* TO DO
Without the pictures, set down every record below exactly as it reads.

(Dataset items)
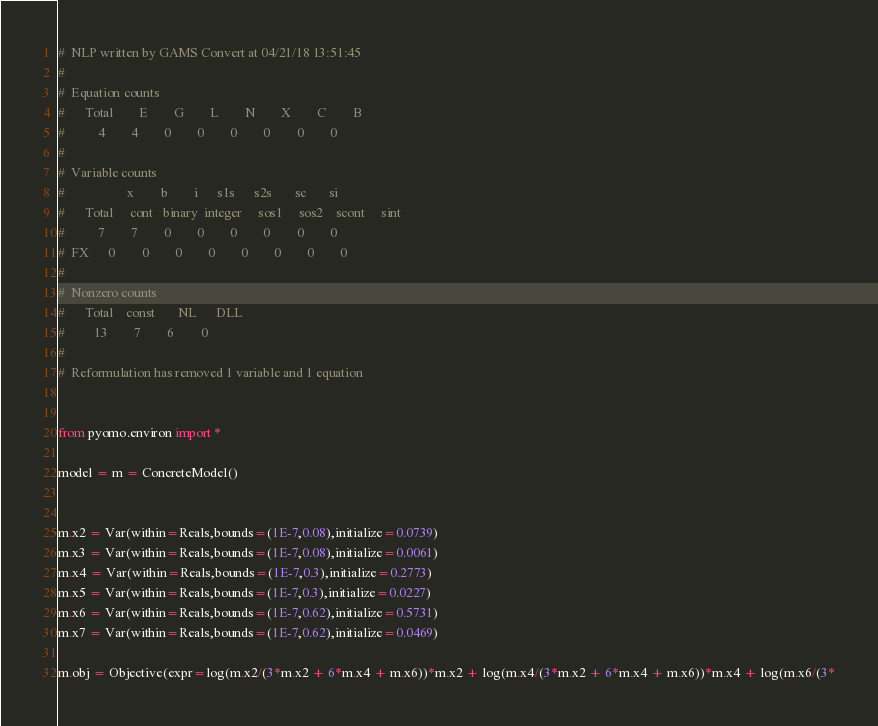<code> <loc_0><loc_0><loc_500><loc_500><_Python_>#  NLP written by GAMS Convert at 04/21/18 13:51:45
#  
#  Equation counts
#      Total        E        G        L        N        X        C        B
#          4        4        0        0        0        0        0        0
#  
#  Variable counts
#                   x        b        i      s1s      s2s       sc       si
#      Total     cont   binary  integer     sos1     sos2    scont     sint
#          7        7        0        0        0        0        0        0
#  FX      0        0        0        0        0        0        0        0
#  
#  Nonzero counts
#      Total    const       NL      DLL
#         13        7        6        0
# 
#  Reformulation has removed 1 variable and 1 equation


from pyomo.environ import *

model = m = ConcreteModel()


m.x2 = Var(within=Reals,bounds=(1E-7,0.08),initialize=0.0739)
m.x3 = Var(within=Reals,bounds=(1E-7,0.08),initialize=0.0061)
m.x4 = Var(within=Reals,bounds=(1E-7,0.3),initialize=0.2773)
m.x5 = Var(within=Reals,bounds=(1E-7,0.3),initialize=0.0227)
m.x6 = Var(within=Reals,bounds=(1E-7,0.62),initialize=0.5731)
m.x7 = Var(within=Reals,bounds=(1E-7,0.62),initialize=0.0469)

m.obj = Objective(expr=log(m.x2/(3*m.x2 + 6*m.x4 + m.x6))*m.x2 + log(m.x4/(3*m.x2 + 6*m.x4 + m.x6))*m.x4 + log(m.x6/(3*</code>

* REPLY TO THE EXERCISE
<code> <loc_0><loc_0><loc_500><loc_500><_Python_>#  NLP written by GAMS Convert at 04/21/18 13:51:45
#  
#  Equation counts
#      Total        E        G        L        N        X        C        B
#          4        4        0        0        0        0        0        0
#  
#  Variable counts
#                   x        b        i      s1s      s2s       sc       si
#      Total     cont   binary  integer     sos1     sos2    scont     sint
#          7        7        0        0        0        0        0        0
#  FX      0        0        0        0        0        0        0        0
#  
#  Nonzero counts
#      Total    const       NL      DLL
#         13        7        6        0
# 
#  Reformulation has removed 1 variable and 1 equation


from pyomo.environ import *

model = m = ConcreteModel()


m.x2 = Var(within=Reals,bounds=(1E-7,0.08),initialize=0.0739)
m.x3 = Var(within=Reals,bounds=(1E-7,0.08),initialize=0.0061)
m.x4 = Var(within=Reals,bounds=(1E-7,0.3),initialize=0.2773)
m.x5 = Var(within=Reals,bounds=(1E-7,0.3),initialize=0.0227)
m.x6 = Var(within=Reals,bounds=(1E-7,0.62),initialize=0.5731)
m.x7 = Var(within=Reals,bounds=(1E-7,0.62),initialize=0.0469)

m.obj = Objective(expr=log(m.x2/(3*m.x2 + 6*m.x4 + m.x6))*m.x2 + log(m.x4/(3*m.x2 + 6*m.x4 + m.x6))*m.x4 + log(m.x6/(3*</code>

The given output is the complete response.